===== Available records =====

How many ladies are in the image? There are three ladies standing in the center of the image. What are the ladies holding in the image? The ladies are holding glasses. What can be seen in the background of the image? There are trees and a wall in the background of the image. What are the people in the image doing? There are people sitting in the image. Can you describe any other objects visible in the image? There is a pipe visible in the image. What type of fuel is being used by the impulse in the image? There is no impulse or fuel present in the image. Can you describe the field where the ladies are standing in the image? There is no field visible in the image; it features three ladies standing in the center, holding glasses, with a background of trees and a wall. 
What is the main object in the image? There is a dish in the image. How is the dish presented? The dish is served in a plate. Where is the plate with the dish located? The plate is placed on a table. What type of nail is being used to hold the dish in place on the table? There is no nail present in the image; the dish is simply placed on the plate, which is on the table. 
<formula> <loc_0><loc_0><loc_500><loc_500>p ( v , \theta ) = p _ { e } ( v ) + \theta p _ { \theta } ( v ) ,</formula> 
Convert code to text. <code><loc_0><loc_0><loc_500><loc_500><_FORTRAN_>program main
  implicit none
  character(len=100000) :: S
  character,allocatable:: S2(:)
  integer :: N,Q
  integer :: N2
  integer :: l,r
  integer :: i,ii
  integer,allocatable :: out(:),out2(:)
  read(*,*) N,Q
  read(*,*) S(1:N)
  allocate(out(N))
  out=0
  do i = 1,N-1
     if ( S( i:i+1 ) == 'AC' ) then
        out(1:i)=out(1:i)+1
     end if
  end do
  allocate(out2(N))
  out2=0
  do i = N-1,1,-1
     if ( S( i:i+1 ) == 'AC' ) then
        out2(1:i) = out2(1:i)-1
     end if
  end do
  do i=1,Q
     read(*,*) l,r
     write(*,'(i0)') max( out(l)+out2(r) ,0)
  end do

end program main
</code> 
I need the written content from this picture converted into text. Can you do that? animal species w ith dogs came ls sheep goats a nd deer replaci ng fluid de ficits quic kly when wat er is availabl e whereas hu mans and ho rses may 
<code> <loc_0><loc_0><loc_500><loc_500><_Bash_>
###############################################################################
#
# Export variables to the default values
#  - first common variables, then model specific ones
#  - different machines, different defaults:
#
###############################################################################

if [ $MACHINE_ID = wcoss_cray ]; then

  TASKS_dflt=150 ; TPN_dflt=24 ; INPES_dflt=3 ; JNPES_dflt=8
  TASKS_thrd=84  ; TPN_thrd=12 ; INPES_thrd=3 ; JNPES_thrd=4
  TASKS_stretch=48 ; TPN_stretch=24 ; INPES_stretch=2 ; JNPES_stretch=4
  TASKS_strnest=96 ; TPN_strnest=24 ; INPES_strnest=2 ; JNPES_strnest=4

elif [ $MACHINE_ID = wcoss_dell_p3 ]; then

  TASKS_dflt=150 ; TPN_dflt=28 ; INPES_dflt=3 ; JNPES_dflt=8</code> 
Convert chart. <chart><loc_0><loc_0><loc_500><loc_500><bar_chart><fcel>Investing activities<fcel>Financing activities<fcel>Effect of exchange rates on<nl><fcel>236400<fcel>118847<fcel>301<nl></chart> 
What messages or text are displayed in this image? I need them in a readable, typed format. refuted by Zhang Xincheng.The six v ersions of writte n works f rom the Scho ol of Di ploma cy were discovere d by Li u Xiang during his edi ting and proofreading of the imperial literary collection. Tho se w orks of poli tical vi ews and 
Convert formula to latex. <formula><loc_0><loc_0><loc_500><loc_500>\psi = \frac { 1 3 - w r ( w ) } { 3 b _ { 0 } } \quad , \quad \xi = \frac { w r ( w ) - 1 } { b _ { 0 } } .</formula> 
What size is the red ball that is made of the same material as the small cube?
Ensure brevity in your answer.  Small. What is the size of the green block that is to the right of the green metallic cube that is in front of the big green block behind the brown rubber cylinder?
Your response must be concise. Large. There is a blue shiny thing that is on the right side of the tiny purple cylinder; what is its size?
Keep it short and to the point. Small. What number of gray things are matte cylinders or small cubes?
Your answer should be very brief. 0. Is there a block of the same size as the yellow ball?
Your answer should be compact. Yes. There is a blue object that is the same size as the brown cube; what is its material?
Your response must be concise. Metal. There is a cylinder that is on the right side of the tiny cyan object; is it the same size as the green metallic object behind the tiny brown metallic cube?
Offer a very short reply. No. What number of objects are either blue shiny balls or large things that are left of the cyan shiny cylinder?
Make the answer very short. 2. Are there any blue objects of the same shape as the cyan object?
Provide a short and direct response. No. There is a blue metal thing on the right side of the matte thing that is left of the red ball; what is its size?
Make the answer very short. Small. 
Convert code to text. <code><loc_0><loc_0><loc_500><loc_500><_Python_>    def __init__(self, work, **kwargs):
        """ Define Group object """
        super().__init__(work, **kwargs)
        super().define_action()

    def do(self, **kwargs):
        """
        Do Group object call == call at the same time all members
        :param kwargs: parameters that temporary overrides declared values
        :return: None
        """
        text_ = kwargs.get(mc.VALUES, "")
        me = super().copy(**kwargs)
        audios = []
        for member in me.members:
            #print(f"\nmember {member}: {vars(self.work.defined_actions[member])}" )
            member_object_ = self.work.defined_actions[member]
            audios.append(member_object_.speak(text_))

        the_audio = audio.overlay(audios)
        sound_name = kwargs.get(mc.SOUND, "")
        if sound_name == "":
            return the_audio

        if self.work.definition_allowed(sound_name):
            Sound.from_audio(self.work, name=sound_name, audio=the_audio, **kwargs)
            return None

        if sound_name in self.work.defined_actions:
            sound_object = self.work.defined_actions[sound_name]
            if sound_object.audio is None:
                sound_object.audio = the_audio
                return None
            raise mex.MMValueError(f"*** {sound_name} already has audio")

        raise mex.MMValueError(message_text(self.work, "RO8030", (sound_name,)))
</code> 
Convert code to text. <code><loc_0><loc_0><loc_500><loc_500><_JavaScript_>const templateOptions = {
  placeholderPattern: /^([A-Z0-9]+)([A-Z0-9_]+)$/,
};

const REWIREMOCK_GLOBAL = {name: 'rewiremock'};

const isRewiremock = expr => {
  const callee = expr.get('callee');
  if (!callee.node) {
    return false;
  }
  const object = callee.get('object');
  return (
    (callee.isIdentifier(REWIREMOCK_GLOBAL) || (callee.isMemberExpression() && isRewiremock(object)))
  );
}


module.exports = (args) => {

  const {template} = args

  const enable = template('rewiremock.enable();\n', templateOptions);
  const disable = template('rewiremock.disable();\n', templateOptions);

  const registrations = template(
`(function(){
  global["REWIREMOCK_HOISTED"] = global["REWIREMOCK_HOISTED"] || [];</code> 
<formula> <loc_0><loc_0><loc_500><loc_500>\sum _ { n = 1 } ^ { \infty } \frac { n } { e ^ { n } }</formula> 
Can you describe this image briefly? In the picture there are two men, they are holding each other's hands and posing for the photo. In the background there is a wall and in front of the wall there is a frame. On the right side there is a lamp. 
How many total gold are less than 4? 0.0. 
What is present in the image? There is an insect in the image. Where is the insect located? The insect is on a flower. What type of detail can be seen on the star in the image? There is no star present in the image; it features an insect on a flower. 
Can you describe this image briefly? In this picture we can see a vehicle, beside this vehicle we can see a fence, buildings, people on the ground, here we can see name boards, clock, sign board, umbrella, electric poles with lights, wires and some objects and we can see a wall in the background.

=====

Copy out every line from the data above in which the word "shiny" occurs.

## Solution to the problem
Your response must be concise. Large. There is a blue shiny thing that is on the right side of the tiny purple cylinder; what is its size?
Offer a very short reply. No. What number of objects are either blue shiny balls or large things that are left of the cyan shiny cylinder?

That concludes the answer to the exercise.